Cytogenetics question 2 - waliid

[ArchivalUser]

A baby is born with the clinical characteristics of trisomy 21. C-banding is used to examine the chromosomes of the baby. The father has a C-banding polymorphism that distinguishes both his chromosome 21's from each other, and the mother's chromosome 21s as well. The mother's chromosome 21s cannot be distinguished by this banding technique. When the baby's chromosome 21s are examined in metaphase spreads three uniquely banded chromosomes are identified.

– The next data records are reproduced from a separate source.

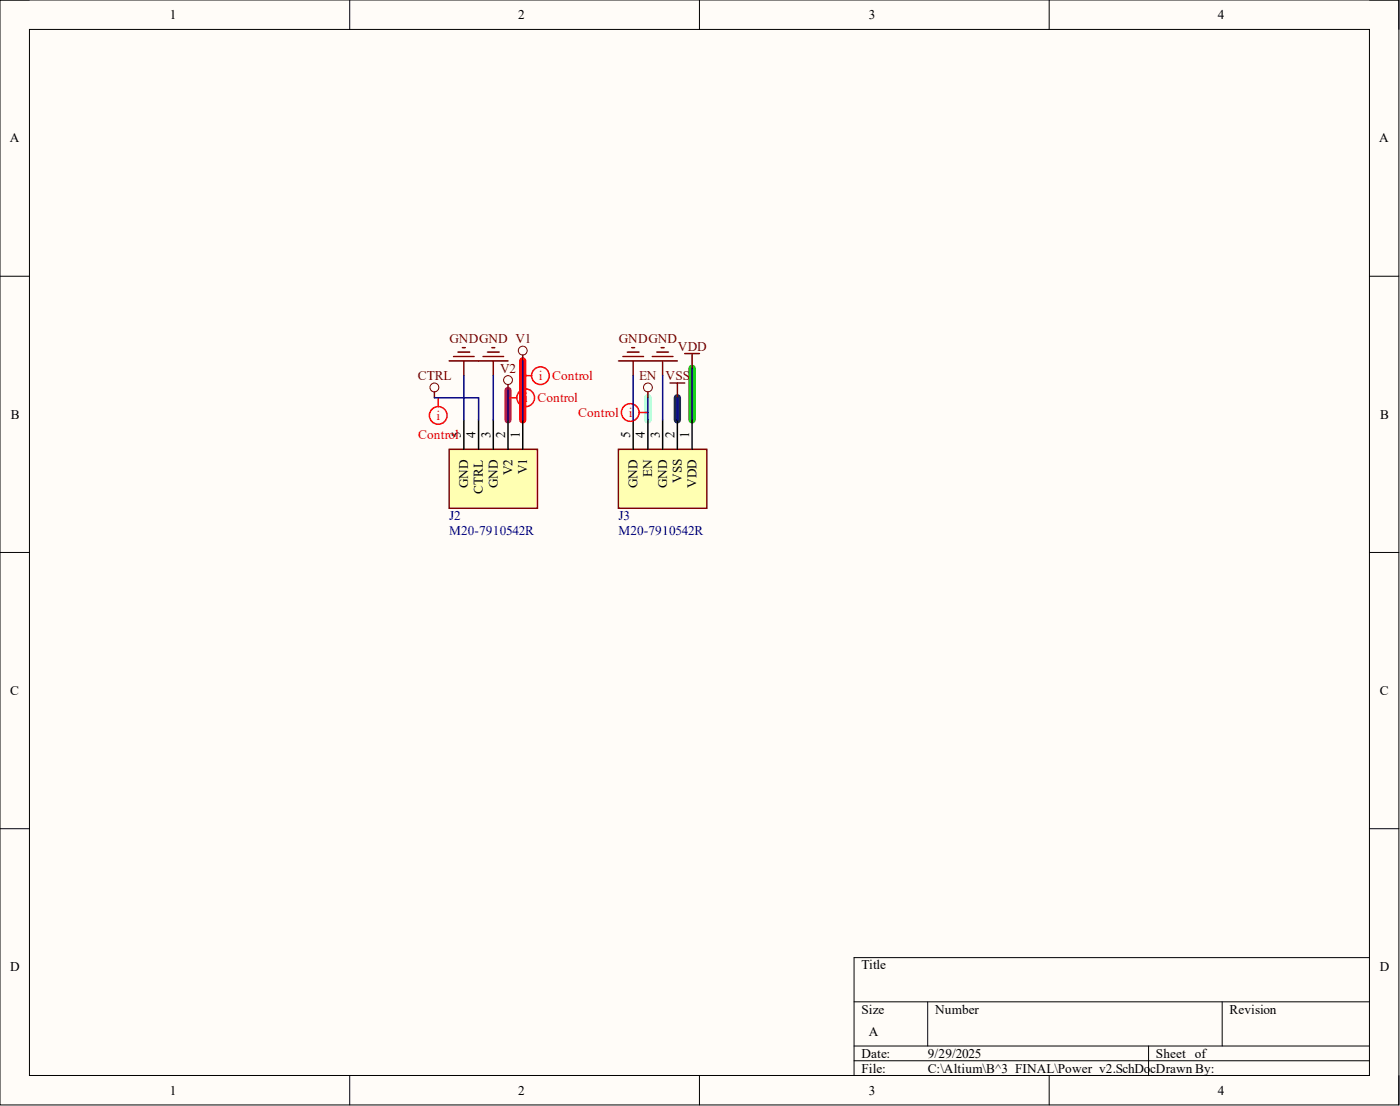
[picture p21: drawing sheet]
<svg xmlns="http://www.w3.org/2000/svg" width="241mm" height="190mm" viewBox="0 0 241 190" stroke-linecap="round" stroke-linejoin="round" font-family="sans-serif">
<defs><g id="words">
<g font-size="2.3">
<text x="29.3" y="3.3">1</text>
<text x="89.3" y="3.3">2</text>
<text x="149.7" y="3.3">3</text>
<text x="209.9" y="3.3">4</text>
<text x="1.7" y="24.5">A</text>
<text x="237.7" y="24.5">A</text>
<text x="1.9" y="72.1">B</text>
<text x="79.4" y="75.4" transform="rotate(-90 79.4 75.4)">5</text>
<text x="82" y="75.4" transform="rotate(-90 82 75.4)">4</text>
<text x="84.5" y="75.4" transform="rotate(-90 84.5 75.4)">3</text>
<text x="87.1" y="75.4" transform="rotate(-90 87.1 75.4)">2</text>
<text x="89.6" y="75.4" transform="rotate(-90 89.6 75.4)">1</text>
<text x="108.6" y="75.4" transform="rotate(-90 108.6 75.4)">5</text>
<text x="111.2" y="75.4" transform="rotate(-90 111.2 75.4)">4</text>
<text x="113.7" y="75.4" transform="rotate(-90 113.7 75.4)">3</text>
<text x="116.2" y="75.4" transform="rotate(-90 116.2 75.4)">2</text>
<text x="118.8" y="75.4" transform="rotate(-90 118.8 75.4)">1</text>
<text x="237.9" y="72.1">B</text>
<text x="88.3" y="81.9" transform="rotate(-90 88.3 81.9)">V2</text>
<text x="90.9" y="81.7" transform="rotate(-90 90.9 81.7)">V1</text>
<text x="112.4" y="82.2" transform="rotate(-90 112.4 82.2)">EN</text>
<text x="117.5" y="83.2" transform="rotate(-90 117.5 83.2)">VSS</text>
<text x="80.7" y="84.1" transform="rotate(-90 80.7 84.1)">GND</text>
<text x="83.2" y="85" transform="rotate(-90 83.2 85)">CTRL</text>
<text x="85.8" y="84.1" transform="rotate(-90 85.8 84.1)">GND</text>
<text x="109.9" y="84.1" transform="rotate(-90 109.9 84.1)">GND</text>
<text x="115" y="84.1" transform="rotate(-90 115 84.1)">GND</text>
<text x="120" y="84.1" transform="rotate(-90 120 84.1)">VDD</text>
<text x="1.8" y="119.7">C</text>
<text x="237.8" y="119.7">C</text>
<text x="1.8" y="167.3">D</text>
<text x="148.5" y="167">Title</text>
<text x="237.8" y="167.3">D</text>
<text x="148.5" y="174.6">Size</text>
<text x="149.7" y="178.4">A</text>
<text x="161.2" y="174.6">Number</text>
<text x="211.9" y="174.6">Revision</text>
<text x="148.5" y="182.2">Date:</text>
<text x="148.5" y="184.7">File:</text>
<text x="159.9" y="182.2">9/29/2025</text>
<text x="159.9" y="184.7">C:\Altium\B^3_FINAL\Power_v2.SchDo</text>
<text x="198.2" y="184.7">cDrawn By:</text>
<text x="199.2" y="182.2">Sheet of</text>
<text x="29.3" y="188.5">1</text>
<text x="89.3" y="188.5">2</text>
<text x="149.7" y="188.5">3</text>
<text x="209.9" y="188.5">4</text>
</g>
<g font-size="2.3" fill="#810000">
<text x="77.5" y="59.1">GNDGND V1</text>
<text x="106.7" y="59.1">GNDGND</text>
<text x="72" y="65.5">CTRL</text>
<text x="86.2" y="64.2">V2</text>
<text x="110.1" y="65.5">EN</text>
<text x="114.7" y="65.5">VSS</text>
<text x="116.8" y="60.4">VDD</text>
</g>
<g font-size="2.3" fill="#f00">
<text x="92.9" y="65.5">i</text>
<text x="95.2" y="65.5">Control</text>
<text x="90.4" y="69.3">i</text>
<text x="92.6" y="69.3">Control</text>
<text x="99.7" y="71.8">Control</text>
<text x="108.4" y="71.8">i</text>
<text x="72.1" y="75.6">Control</text>
<text x="75.2" y="72.3">i</text>
</g>
<g font-size="2.3" fill="#000081">
<text x="77.4" y="89.6">J2</text>
<text x="106.6" y="89.6">J3</text>
<text x="77.4" y="92.1">M20-7910542R</text>
<text x="106.6" y="92.1">M20-7910542R</text>
</g>
</g></defs>
<path d="M0 0h241.1v190.3h-241.1z" fill-rule="evenodd" fill="#fffcf8"/>
<path d="M0 0h241.1v190.3h-241.1z" fill="none" stroke="#000" stroke-width=".17"/>
<path d="M5.1 5.1h230.9v180.1h-230.9z" fill-rule="evenodd" fill="#fffcf8"/>
<g fill="none" stroke="#000" stroke-width=".17">
<path d="M0 0h5.1M60.3 0v5.1M120.6 0v5.1M180.8 0v5.1M236 0h5.1v5.1M5.1 5.1h230.9v180.1h-230.9zM0 47.6h5.1M236 47.6h5.1M0 95.2h5.1M236 95.2h5.1M0 142.7h5.1M236 142.7h5.1"/>
<path d="M147.2 172.6h88.8M159.9 172.6v7.6M210.7 172.6v7.6M236 164.9h-88.8v20.3M60.3 185.2v5.1M120.6 185.2v5.1M147.2 180.2h88.8M147.2 182.7h88.8M180.8 185.2v5.1M198 180.2v5M241.1 185.2v5.1"/>
</g>
<path d="M111.7 68.5v3.8" fill="none" stroke="#6effff" stroke-width="1.3"/>
<path d="M119.3 63.4v8.9" fill="none" stroke="#00cd00" stroke-width="1.3"/>
<path d="M116.7 68.5v3.8" fill="none" stroke="#002f66" stroke-width="1.3"/>
<path d="M90.1 62.2v10.1" fill="none" stroke="#f00" stroke-width="1.3"/>
<path d="M87.6 67.2v5.1" fill="none" stroke="#d70094" stroke-width="1.3"/>
<path d="M79.7 59.9h.5M74.9 67.5v1M77.4 62.2h5.1M78.2 61.4h3.5M78.9 60.6h2.1M79.9 62.2v2.5M87.6 66.2v1M90.1 61.2v1M115.5 66h2.5M116.7 66v2.5M118 60.9h2.6M119.3 60.9v2.5" fill="none" stroke="#810000" stroke-width=".25"/>
<g fill="none" stroke="#810000" stroke-width=".17">
<circle cx="74.9" cy="66.7" r=".76"/>
<circle cx="87.6" cy="65.5" r=".76"/>
<circle cx="90.1" cy="60.4" r=".76"/>
</g>
<path d="M77.4 77.4h15.2v10.1h-15.2z" fill-rule="evenodd" fill="#ffffb2"/>
<path d="M77.4 77.4h15.2v10.1h-15.2z" fill="none" stroke="#810000" stroke-width=".25"/>
<path d="M79.9 72.3v5.1M82.5 72.3v5.1M85 72.3v5.1M87.6 72.3v5.1M90.1 72.3v5.1" fill="none" stroke="#000" stroke-width=".25"/>
<path d="M106.6 77.4h15.2v10.1h-15.2z" fill-rule="evenodd" fill="#ffffb2"/>
<g fill="none" stroke="#810000" stroke-width=".25">
<path d="M84.8 59.9h.5M108.9 59.9h.5M114 59.9h.5M82.5 62.2h5.1M83.2 61.4h3.6M84 60.6h2M85 62.2v2.5M106.6 77.4h15.2v10.1h-15.2zM106.6 62.2h10.1M107.4 61.4h3.5M108.1 60.6h2M109.1 62.2v2.5"/>
<path d="M111.7 67.5v1M112.4 61.4h3.6M113.2 60.6h2M114.2 62.2v2.5"/>
</g>
<path d="M109.1 72.3v5.1M111.7 72.3v5.1M114.2 72.3v5.1M116.7 72.3v5.1M119.3 72.3v5.1" fill="none" stroke="#000" stroke-width=".25"/>
<g fill="none" stroke="#f00" stroke-width=".25">
<path d="M75.5 68.5v1.5M87.6 68.5h1.5M90.1 64.7h1.5M110.1 71h1.6"/>
<circle cx="75.5" cy="71.6" r="1.52"/>
<circle cx="90.6" cy="68.5" r="1.52"/>
<circle cx="93.1" cy="64.7" r="1.52"/>
<circle cx="108.6" cy="71.1" r="1.52"/>
</g>
<path d="M74.9 68.5h7.6v3.8M79.9 64.7v7.6M85 64.7v7.6M87.6 67.2v5.1M90.1 62.2v10.1M109.1 64.7v7.6M111.7 68.5v3.8M114.2 64.7v7.6M116.7 68.5v3.8M119.3 63.4v8.9" fill="none" stroke="#000081" stroke-width=".25"/>
<circle cx="111.7" cy="66.7" r=".76" fill="none" stroke="#810000" stroke-width=".17"/>
<use href="#words"/>
</svg>

This data indicates that the non-disjunction event occurred most likely in which ONE of the following?

A. Paternal meiosis I
B. Maternal meiosis I
C. Meiosis II of either parent
D. During mitosis during early embryogenesis
E. Cannot be determined from the data given

[ArchivalUser]

i think e?

[ArchivalUser]

paternal meiosis 2

[ArchivalUser]

amarah, there is no such option in the answer

A. Paternal meiosis I

[ArchivalUser]

A. is the answer

[ArchivalUser]

wallid/saonew can u pl explain??

[ArchivalUser]

The only way that the child could have three chromosomes 21s which are all distinguishable by C-banding is to have inherited two from the father, and one from the mother (remember, mother's chromosome 21s cannot be distinguished by this banding technique). Thus non-disjunction must have occured paternal line. Inorder for the father
to contain two different chromosomes 21s the non-disjunction event would have to occure meiosis I. If it had occured in meiosis II, then themost likelly the father would have donated two identical chromosomes 21s which would not distigushable by the C-banding.